Spotting Bought YouTube Subscribers

On YouTube, these are signs a channel may have bought subscribers:

  • High sub count but very low average views per video
  • Stagnant sub growth over time despite producing regular content
  • Subscribers don’t watch new videos (low click-through rate)
  • High sub number growth but no increase in engagement

These inconsistencies reveal the subscribers are not real, engaged users. Services can deliver thousands of subscribers without the content actually reaching those accounts.

Alternatives to Buying Followers and Subscribers

Instead of buying fake followers, here are some legitimate strategies to grow your audience:

Improve Your Content

Creating higher quality, more engaging content tailored to your audience will naturally attract real followers.

Engage With Your Audience

Commenting on others’ posts, responding to comments, and participating in engagement pods helps build authentic connections.

Optimize Your Profile and Content

Ensure you have an optimized profile, relevant hashtags, enticing captions, and searchable titles to get discovered.

Run Contests and Giveaways

Contests are a tried and true tactic to gain real followers who want to participate to win prizes.

Collaborate With Relevant Creators

Team up with creators in your niche to tap into each other’s audiences and cross-promote content.

Advertise Strategically

Consider running ads to promote your posts and channel to targeted demographics aligned with your brand.

Diversify Your Promotion

Promote your content across multiple channels like email newsletters, website, and different social platforms.

While these tactics require more work than buying followers, they will drive real, sustainable growth and engagement. The end result is an audience that genuinely cares about your work.

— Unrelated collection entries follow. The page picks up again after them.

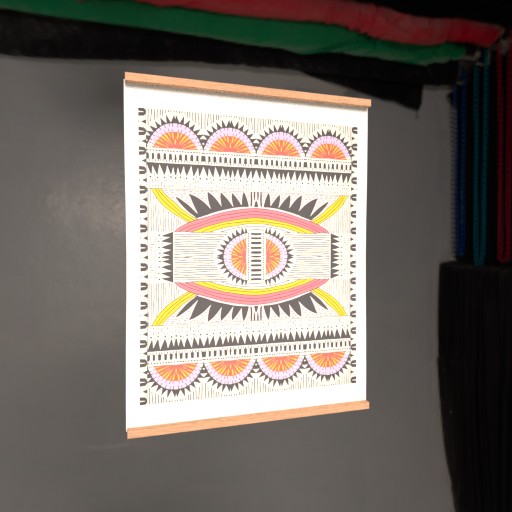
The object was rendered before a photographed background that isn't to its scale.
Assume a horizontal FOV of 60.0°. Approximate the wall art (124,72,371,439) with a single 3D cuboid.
[{"bbox_3d":[0.000,0.000,0.710,0.403,0.527,0.028,0,1,-17],"label":"wall art"}]
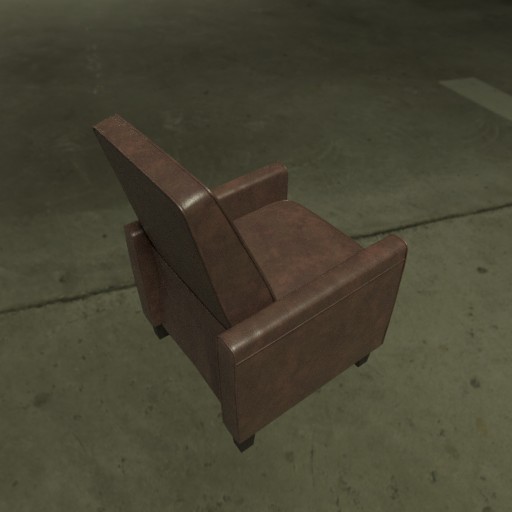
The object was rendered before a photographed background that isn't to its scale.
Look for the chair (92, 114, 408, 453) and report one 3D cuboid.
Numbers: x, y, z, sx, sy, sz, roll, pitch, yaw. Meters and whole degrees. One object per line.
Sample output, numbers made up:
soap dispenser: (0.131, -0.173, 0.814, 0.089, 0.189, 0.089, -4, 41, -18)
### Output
chair: (0.000, 0.000, 1.523, 0.746, 1.013, 0.705, -25, 46, -27)
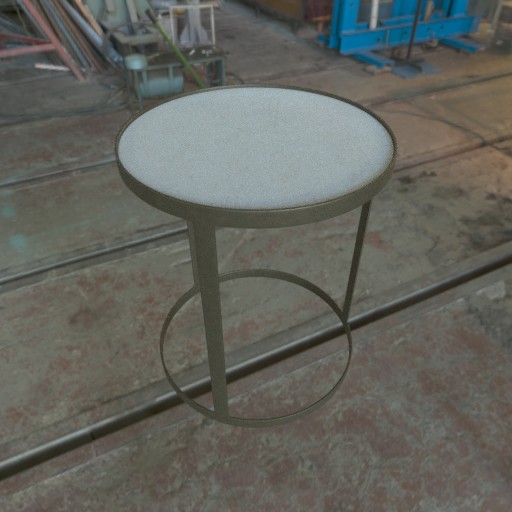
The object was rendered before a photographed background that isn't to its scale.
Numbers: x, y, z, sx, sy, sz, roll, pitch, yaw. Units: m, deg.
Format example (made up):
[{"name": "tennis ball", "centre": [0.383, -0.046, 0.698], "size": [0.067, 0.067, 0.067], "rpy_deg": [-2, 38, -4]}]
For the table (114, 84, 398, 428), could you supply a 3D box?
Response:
[{"name": "table", "centre": [0.000, 0.000, 0.954], "size": [0.480, 0.565, 0.480], "rpy_deg": [0, 40, 0]}]
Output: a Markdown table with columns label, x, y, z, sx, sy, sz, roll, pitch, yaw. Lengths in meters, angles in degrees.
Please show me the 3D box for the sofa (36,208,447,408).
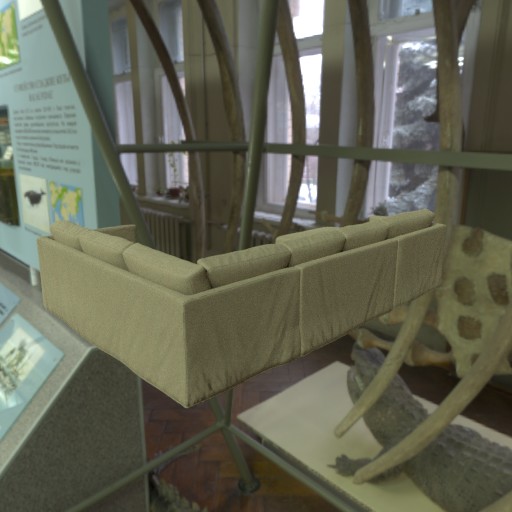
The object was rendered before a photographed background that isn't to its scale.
| label | x | y | z | sx | sy | sz | roll | pitch | yaw |
| --- | --- | --- | --- | --- | --- | --- | --- | --- | --- |
| sofa | 0.000 | 0.000 | 4.563 | 3.528 | 0.878 | 2.476 | -14 | 20 | -42 |

The Risks of Buying Subscribers in Summary

Here is a recap of the key risks to consider before buying followers, likes, and subscribers:

Risk Description
Bans and Terminated Accounts Social platforms regularly ban accounts using bought engagement and fake followers
Distrust From Real Users Savvy users detect and call out inauthentic practices, damaging credibility
No Real Business Value Fake followers don’t engage or convert to customers. Vanity metrics are meaningless.
Wasted Money Bought followers rarely stick around and require ongoing purchases to maintain
Less Organic Reach Fake followers may actually reduce your content’s reach to real audiences
Lower Engagement Rates Suspiciously low engagement rates reveal inflated follower counts

These substantial risks should give any creator pause before considering buying followers or subscribers. There are always better, legitimate alternatives.

Conclusion

While buying social media followers, likes and subscribers does happen, it comes with considerable risks ranging from damaged credibility to platform bans. Occasional vanity spikes come at the cost of stunting real, organic growth.

Authenticity and trust are far more valuable than vanity metrics alone. The best approach is to stay patient, keep refining your content, and use legitimate promotional strategies. Your ideal audience will follow as you consistently provide value.

Quality over quantity is key – a small tribe of real, engaged followers is infinitely more valuable than an army of fake bot accounts. Ultimately, you want to build community and business value, not just superficial follower counts.